Ja - Nein ? Begründung wäre schön.

Besteht der Anspruch auf Mütterrente nur für den Monat Juli, da Frau im Juli verstorben ist, oder für das ganze Sterbevierteljahr?

von
Katja

Zitiert von: Margarete

Ja - Nein ? Begründung wäre schön.

Besteht der Anspruch auf Mütterrente nur für den Monat Juli, da Frau im Juli verstorben ist, oder für das ganze Sterbevierteljahr?


Die Antwort von Schießl ist auf jeden Fall falsch.
Die Antwort von =//= wirft eine Frage auf die nicht unwichtig ist.
Welcher Jahrgang war denn die Verstorbene.
Näheres danach.
Katja

von
Kai-Uwe

Die Antwort "Nein" ist purer Blödsinn.

Natürlich besteht Anspruch auf die erweitere rentenrechtliche Bewertung der Kindererziehungszeiten( umgangssprachlich Mütterrente).

Sie dürfen die "Mütterrente" nicht als eigene Rentenleistung sehen, grob gesagt geht es nur darum, die Rente pro Kind um einen Entgeltpunkt zu erhöhen.

Aus dem vorliegenden Fall ergibt sich, dass die Hinterbliebenenrente nach dem 30.06.2014 begonnen hat. Alle Renten mit Rentenbeginn 1.7.14 aufwärts haben die zusätzlichen Punkte bereits inbegriffen.
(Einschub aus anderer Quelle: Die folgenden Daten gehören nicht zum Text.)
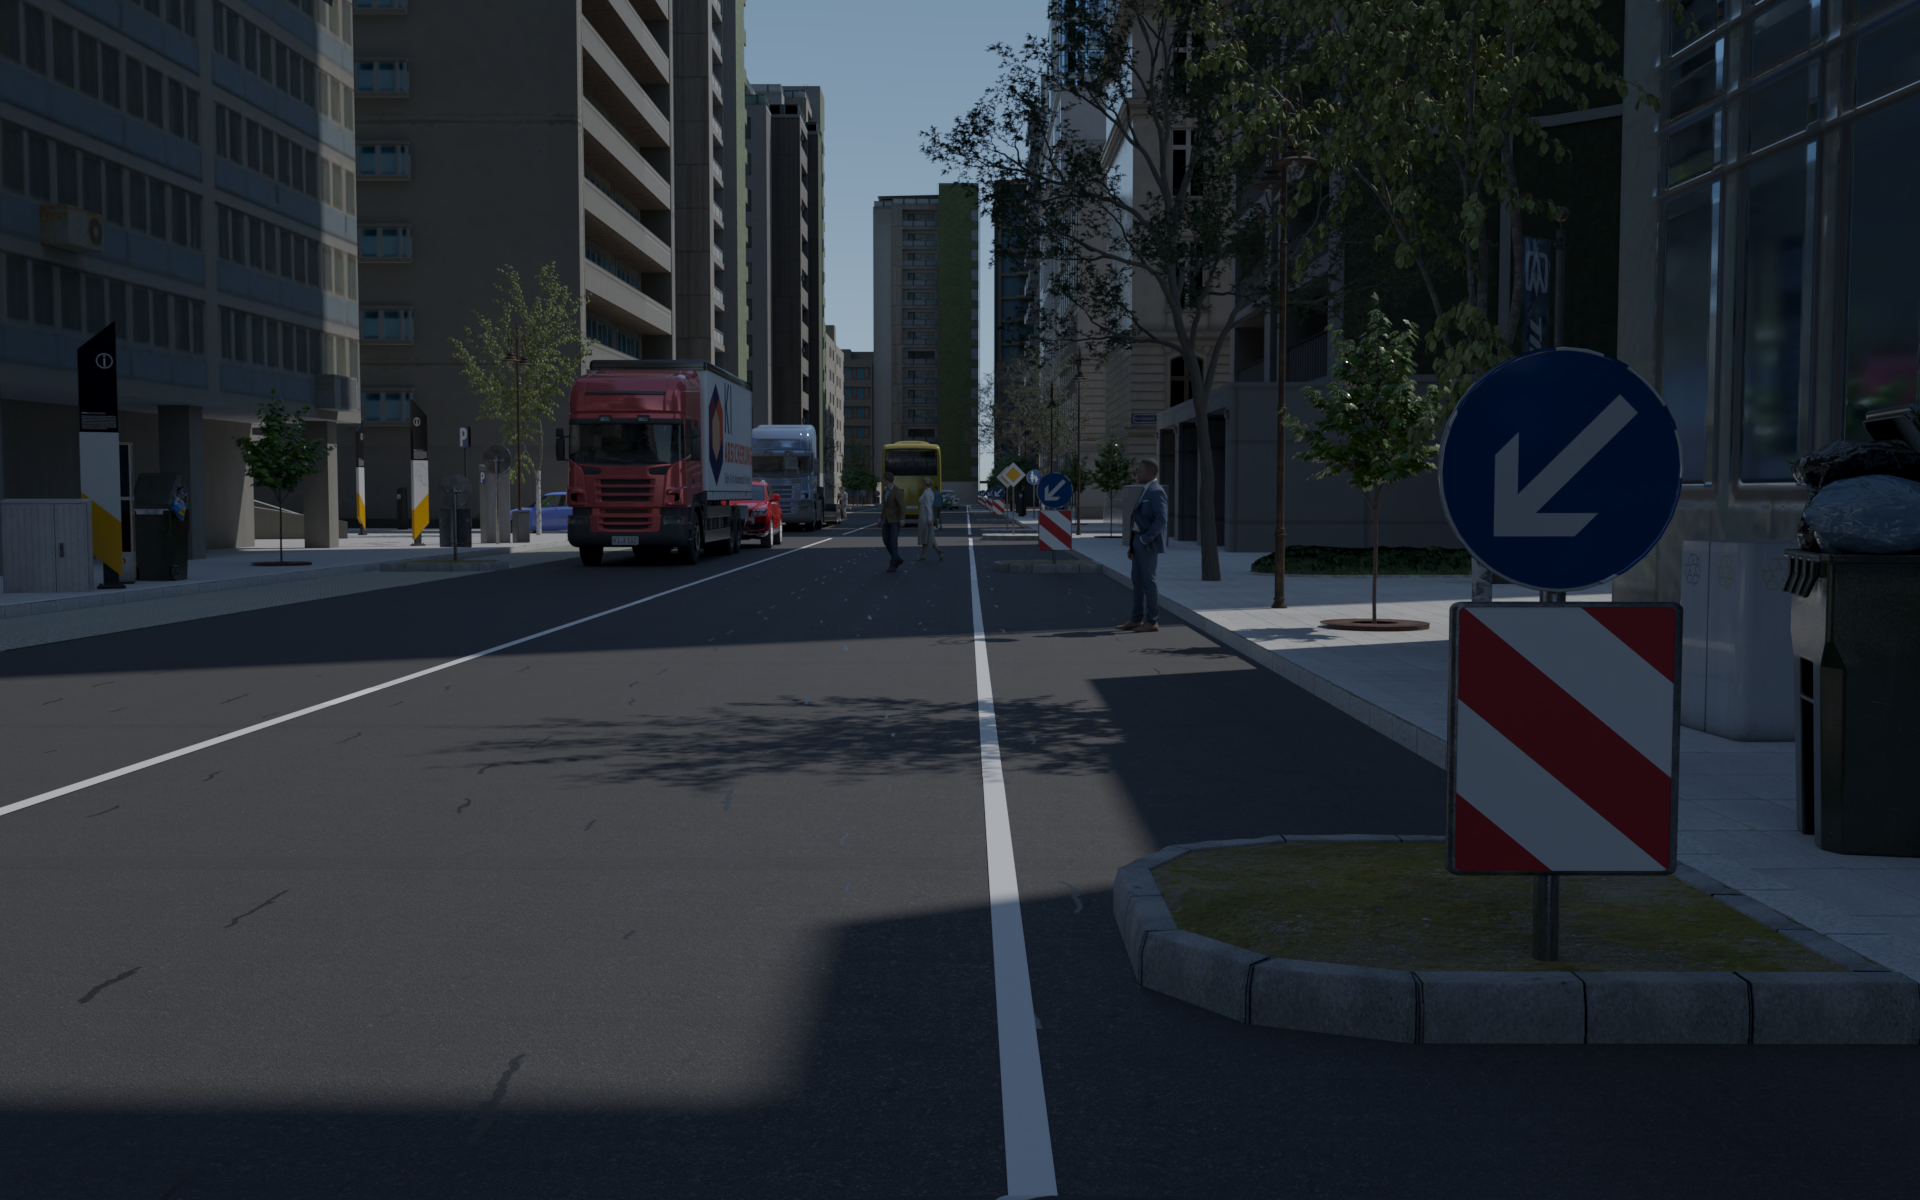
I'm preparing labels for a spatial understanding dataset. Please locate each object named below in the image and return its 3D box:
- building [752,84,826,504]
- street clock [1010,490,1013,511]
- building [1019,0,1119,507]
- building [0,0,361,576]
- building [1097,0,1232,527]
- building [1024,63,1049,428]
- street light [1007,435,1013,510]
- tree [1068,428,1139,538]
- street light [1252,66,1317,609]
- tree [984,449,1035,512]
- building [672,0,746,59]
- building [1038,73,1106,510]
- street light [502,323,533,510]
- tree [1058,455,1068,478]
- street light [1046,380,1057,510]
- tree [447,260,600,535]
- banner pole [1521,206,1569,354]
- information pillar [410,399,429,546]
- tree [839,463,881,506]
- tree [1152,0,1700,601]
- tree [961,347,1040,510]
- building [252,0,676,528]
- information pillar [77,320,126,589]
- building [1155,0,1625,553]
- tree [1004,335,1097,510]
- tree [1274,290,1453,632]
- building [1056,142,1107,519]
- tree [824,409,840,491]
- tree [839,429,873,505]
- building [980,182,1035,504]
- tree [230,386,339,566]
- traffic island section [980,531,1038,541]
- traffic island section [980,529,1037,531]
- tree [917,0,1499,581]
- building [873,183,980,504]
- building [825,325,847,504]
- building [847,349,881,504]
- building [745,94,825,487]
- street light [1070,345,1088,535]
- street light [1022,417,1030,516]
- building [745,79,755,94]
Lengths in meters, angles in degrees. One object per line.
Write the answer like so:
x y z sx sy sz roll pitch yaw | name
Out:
-20.669 -29.664 168.593 14.154 41.232 14.086 0 4 0 | building
3.926 -7.715 130.713 0.471 2.002 0.358 0 4 6 | street clock
17.182 -52.034 163.428 22.319 86.520 31.000 0 4 0 | building
-26.135 -20.966 34.671 23.993 40.220 32.217 0 4 0 | building
23.312 -15.340 69.889 34.723 24.649 14.460 0 4 0 | building
18.681 -35.239 195.773 23.786 49.044 30.456 0 4 0 | building
3.988 -10.020 136.617 0.468 5.910 1.993 0 4 0 | street light
4.309 -3.425 50.607 1.663 3.219 1.824 0 3 0 | tree
3.589 -2.844 19.295 0.468 5.910 1.993 0 4 0 | street light
3.856 -8.713 126.165 4.285 4.588 4.351 0 3 0 | tree
-20.882 -25.831 105.933 14.154 41.232 14.086 0 4 0 | building
11.658 -21.094 122.376 11.434 29.767 29.804 0 4 0 | building
-11.938 -4.529 46.841 0.468 5.910 1.993 0 4 0 | street light
4.810 -4.781 72.769 1.663 3.219 1.824 0 3 0 | tree
3.727 -5.975 70.474 0.468 5.910 1.993 0 4 0 | street light
-13.412 -6.334 53.931 4.737 8.622 4.395 0 3 0 | tree
5.062 -1.530 15.030 0.863 3.779 0.401 -3 5 -42 | banner pole
-13.361 -3.145 42.784 0.183 3.616 0.504 2 4 30 | information pillar
-11.371 -12.326 185.237 4.285 4.588 4.351 0 3 0 | tree
3.456 -3.774 12.070 4.737 8.622 4.395 0 3 0 | tree
5.118 -14.285 143.928 12.009 13.543 11.850 0 3 0 | tree
-24.652 -27.516 73.594 21.300 48.544 21.600 0 4 0 | building
-11.557 -1.954 23.295 0.504 3.616 0.183 -2 4 -32 | information pillar
16.138 -36.823 40.316 20.563 71.187 20.611 0 4 0 | building
4.134 -8.000 81.165 4.360 8.622 3.978 0 3 0 | tree
3.849 -1.343 16.567 1.663 3.219 1.824 0 3 0 | tree
10.710 -15.216 97.933 9.793 20.994 18.267 0 4 0 | building
-11.733 -11.687 141.441 4.360 8.622 3.978 0 3 0 | tree
-11.530 -14.935 194.548 4.737 8.622 4.395 0 3 0 | tree
17.083 -35.381 233.101 28.867 44.769 22.147 0 4 0 | building
-12.356 -2.240 31.225 1.663 3.219 1.824 0 3 0 | tree
1.698 -1.972 54.524 2.009 0.180 2.903 0 4 0 | traffic island section
1.725 -2.460 62.509 2.009 0.180 2.903 0 4 0 | traffic island section
3.705 -5.582 25.673 8.767 10.594 7.601 0 4 -6 | tree
-4.407 -33.418 229.976 14.086 41.232 14.154 0 4 0 | building
-28.760 -21.652 199.046 28.899 21.520 27.650 0 4 0 | building
-25.881 -23.911 235.979 28.899 21.520 27.650 0 4 0 | building
-17.675 -21.835 128.711 14.160 30.474 14.107 0 4 0 | building
3.696 -4.959 53.875 0.468 5.910 1.993 0 4 0 | street light
3.920 -7.997 103.546 0.468 5.910 1.993 0 4 0 | street light
-29.925 -27.972 149.223 32.217 40.220 23.993 0 4 0 | building
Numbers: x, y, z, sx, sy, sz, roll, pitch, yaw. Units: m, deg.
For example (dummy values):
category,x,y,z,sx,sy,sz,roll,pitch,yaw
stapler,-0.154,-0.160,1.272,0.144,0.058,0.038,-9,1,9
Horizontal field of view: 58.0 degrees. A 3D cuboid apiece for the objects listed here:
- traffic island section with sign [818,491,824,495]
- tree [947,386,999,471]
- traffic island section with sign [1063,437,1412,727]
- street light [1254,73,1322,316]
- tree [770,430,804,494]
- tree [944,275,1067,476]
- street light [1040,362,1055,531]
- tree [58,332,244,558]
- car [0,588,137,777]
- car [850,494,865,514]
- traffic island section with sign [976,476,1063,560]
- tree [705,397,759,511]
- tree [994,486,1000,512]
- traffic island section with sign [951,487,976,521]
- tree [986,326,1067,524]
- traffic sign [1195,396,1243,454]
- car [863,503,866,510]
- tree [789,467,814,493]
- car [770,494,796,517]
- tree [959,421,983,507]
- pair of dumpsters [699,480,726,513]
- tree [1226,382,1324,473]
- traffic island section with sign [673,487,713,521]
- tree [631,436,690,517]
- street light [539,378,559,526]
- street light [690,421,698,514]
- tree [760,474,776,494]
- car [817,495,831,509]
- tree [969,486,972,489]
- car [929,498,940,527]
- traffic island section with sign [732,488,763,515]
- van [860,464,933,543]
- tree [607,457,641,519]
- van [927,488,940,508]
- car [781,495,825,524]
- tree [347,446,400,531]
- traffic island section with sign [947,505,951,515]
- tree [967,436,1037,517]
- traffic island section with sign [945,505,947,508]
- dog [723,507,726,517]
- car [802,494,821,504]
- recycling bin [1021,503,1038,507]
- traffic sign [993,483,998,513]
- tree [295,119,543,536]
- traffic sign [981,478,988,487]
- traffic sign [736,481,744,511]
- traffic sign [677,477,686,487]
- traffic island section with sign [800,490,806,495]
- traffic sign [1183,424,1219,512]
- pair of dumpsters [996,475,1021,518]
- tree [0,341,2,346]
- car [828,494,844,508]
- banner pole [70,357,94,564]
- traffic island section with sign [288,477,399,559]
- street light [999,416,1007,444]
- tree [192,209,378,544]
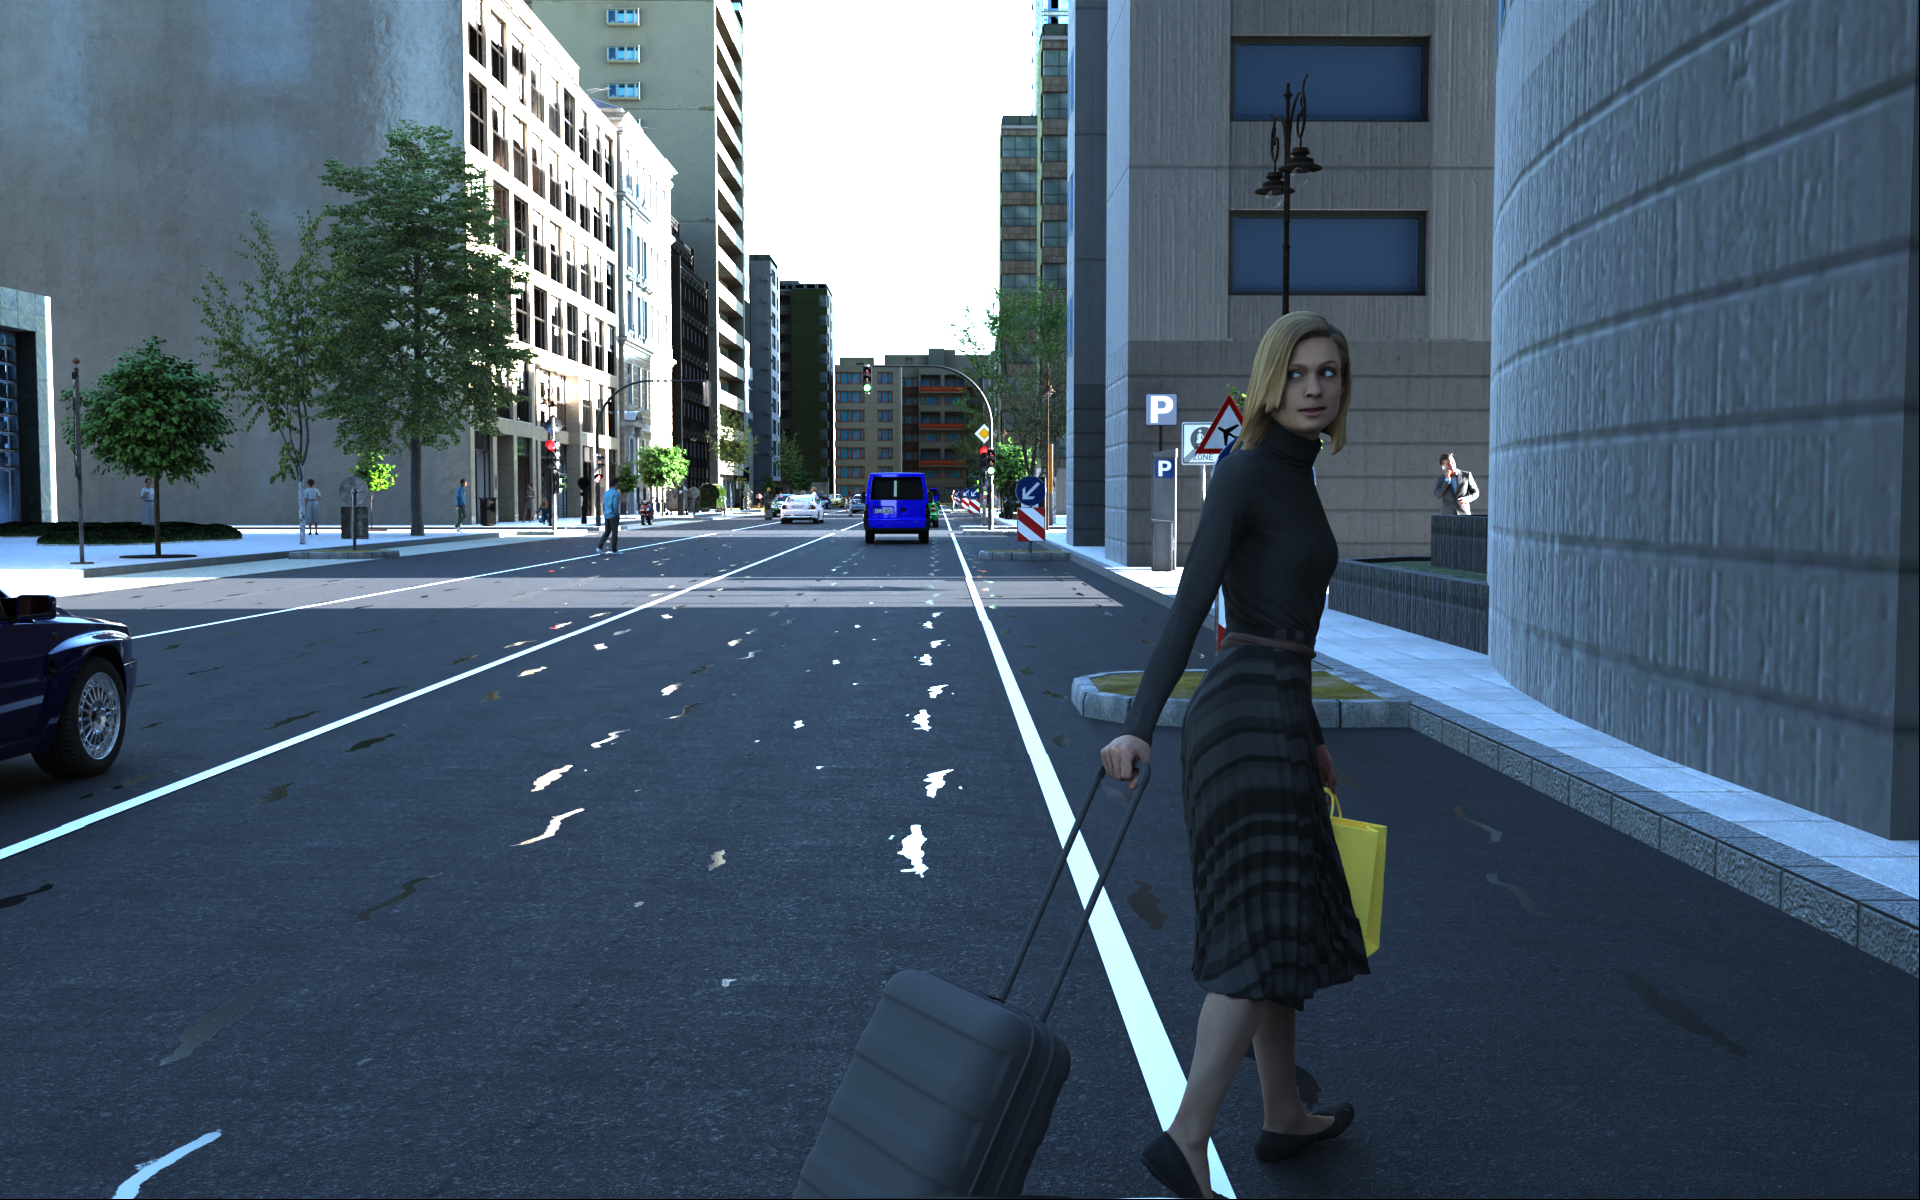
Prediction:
category,x,y,z,sx,sy,sz,roll,pitch,yaw
traffic island section with sign,-15.876,-11.618,198.588,1.989,1.847,2.006,0,4,-1
tree,2.401,-13.195,150.142,7.601,10.594,8.767,-1,4,-23
traffic island section with sign,1.774,-0.180,11.564,1.989,1.847,2.006,0,4,-1
street light,3.689,-2.866,19.646,0.468,5.910,1.993,0,4,-1
tree,-19.279,-14.929,194.451,4.737,8.622,4.395,0,3,0
tree,3.352,-9.672,83.896,9.928,11.665,9.643,0,3,0
street light,3.073,-5.381,60.773,0.468,5.910,1.993,0,4,-1
tree,-16.209,-3.141,35.066,4.285,4.588,4.351,0,3,0
car,-5.213,0.303,7.623,1.945,1.354,3.894,0,4,-1
car,-7.147,-7.094,127.987,2.014,1.417,4.499,0,4,1
traffic island section with sign,1.426,-1.828,38.517,1.989,1.847,2.006,0,4,-1
tree,-17.219,-11.008,130.342,4.737,8.622,4.395,0,3,0
tree,3.068,-7.940,124.414,1.663,3.219,1.824,0,3,0
traffic island section with sign,0.661,-5.221,93.992,1.989,1.847,2.006,0,4,-1
tree,3.871,-7.636,75.203,4.360,8.622,3.978,0,3,0
traffic sign,3.550,-1.403,22.945,0.884,2.594,0.081,0,4,1
car,-3.684,-4.502,83.400,2.009,1.686,4.222,0,4,0
tree,-19.417,-13.982,212.317,4.285,4.588,4.351,0,3,0
car,-11.171,-6.060,110.883,2.131,1.459,4.920,0,4,-2
tree,1.940,-13.234,166.735,4.360,8.622,3.978,0,3,0
pair of dumpsters,-17.223,-7.204,120.271,1.574,2.255,4.437,0,4,-1
tree,4.693,-1.928,26.119,1.663,3.219,1.824,0,3,0
traffic island section with sign,-14.464,-5.224,94.044,1.989,1.847,2.006,0,4,-1
tree,-16.953,-7.000,98.160,4.285,4.588,4.351,0,3,0
street light,-16.437,-5.904,69.313,0.468,5.910,1.993,0,4,-1
street light,-16.959,-8.417,110.402,0.468,5.910,1.993,0,4,-1
tree,-18.334,-10.570,167.414,1.663,3.219,1.824,0,3,0
car,-13.262,-9.331,165.147,1.945,1.354,3.894,0,3,0
tree,2.078,-13.056,208.071,1.663,3.219,1.824,0,3,0
car,-1.839,-4.119,76.137,1.959,1.807,4.718,0,4,-1
traffic island section with sign,-14.831,-6.886,121.206,1.989,1.847,2.006,0,4,-1
van,-1.898,-2.912,51.991,2.240,2.365,5.245,0,4,-2
tree,-17.450,-5.893,90.946,1.663,3.219,1.824,0,3,0
van,-3.148,-10.640,178.354,2.240,2.365,5.245,0,4,-2
car,-7.732,-4.445,85.041,2.083,1.381,4.827,0,3,0
tree,-20.439,-4.006,60.099,1.663,3.219,1.824,0,3,0
traffic island section with sign,0.298,-6.876,121.048,1.989,1.847,2.006,0,4,-1
tree,2.793,-6.999,98.140,4.285,4.588,4.351,0,3,0
traffic island section with sign,-0.390,-9.980,171.805,1.989,1.847,2.006,0,4,-1
dog,-14.407,-5.303,105.993,0.540,0.507,0.406,3,5,44
car,-12.395,-7.953,141.828,2.131,1.459,4.920,0,3,0
recycling bin,2.951,-3.664,72.463,0.722,1.027,0.722,0,4,7
traffic sign,2.512,-7.156,117.108,0.768,2.556,0.104,0,4,0
tree,-16.374,-8.244,52.913,7.486,12.596,7.792,0,3,0
traffic sign,2.073,-8.471,138.600,0.768,2.556,0.104,0,4,6
traffic sign,-17.010,-8.071,134.098,0.606,2.300,0.079,0,3,0
traffic sign,-17.143,-6.393,106.654,0.606,2.300,0.079,0,4,1
traffic island section with sign,-15.517,-9.970,171.635,1.989,1.847,2.006,0,4,-1
traffic sign,3.454,-1.378,24.661,0.606,2.300,0.079,0,4,6
pair of dumpsters,2.767,-5.466,91.864,1.574,2.255,4.437,0,4,-1
tree,-26.387,-5.724,43.954,4.360,8.622,3.978,0,3,0
car,-12.938,-10.327,179.071,2.015,1.641,3.980,0,4,1
banner pole,-16.051,-2.537,31.497,0.401,3.779,0.863,-1,4,-20
traffic island section with sign,-13.713,-1.846,38.802,1.989,1.847,2.006,0,4,-1
street light,2.563,-7.929,102.424,0.468,5.910,1.993,0,4,-1
tree,-17.043,-5.725,43.967,4.737,8.622,4.395,0,3,0

D.h. zum einen: Die H-Rente im Sterbevierteljahr enthielt zusätzliche Entgeltpunkte ("Mütterrente")
D.h. zum anderen: Nach dem Sterbevierteljahr wird es keine laufende Rentenleistung oder eine Nachzahlung aufgrund des neuen Gesetzes geben.

MfG

von
Margarete

Aha, also ja.

Verstorbene war Jahrgang 1924.

von Experte/in Experten-Antwort

Ja, der Witwer profitiert auch von der sogenannten Mütterrente.

von
Katja

Hallo @Margarete,

Ihre Frage ist ja inzwischen korrekt beantwortet.
Entscheidend ist aber, das die Verstorbene nicht vor dem 1.1.1921 geboren ist.
Sonst wären die Antworten falsch da es Kindererziehungszeiten erst für die Geburtsjahrgänge ab 1921 gibt.
Für die Jahrgänge vor 1921 gibt es die "Kindererziehungsleistung", damals als Rente für "Trümmerfrauen" bezeichnet. Diese Leistung ist keine Rente der gesetzlichen Rentenversicherung, auch wenn sie aus Verwaltungsgründen von der DRV ausbezahlt wird.
Diese Leistung fällt mit Ablauf des Sterbemonats weg.
Eine "Mitnahme" in die Witwerrente gäbe es hier nicht.
Katja

von
Schießl Konrad

Zitiert von: Katja

Hallo @Margarete,

Ihre Frage ist ja inzwischen korrekt beantwortet.
Entscheidend ist aber, das die Verstorbene nicht vor dem 1.1.1921 geboren ist.
Sonst wären die Antworten falsch da es Kindererziehungszeiten erst für die Geburtsjahrgänge ab 1921 gibt.
Für die Jahrgänge vor 1921 gibt es die "Kindererziehungsleistung", damals als Rente für "Trümmerfrauen" bezeichnet. Diese Leistung ist keine Rente der gesetzlichen Rentenversicherung, auch wenn sie aus Verwaltungsgründen von der DRV ausbezahlt wird.
Diese Leistung fällt mit Ablauf des Sterbemonats weg.
Eine "Mitnahme" in die Witwerrente gäbe es hier nicht.
Katja

Richtig, danke, dieser Betrag war auch steuerfrei.

MfG.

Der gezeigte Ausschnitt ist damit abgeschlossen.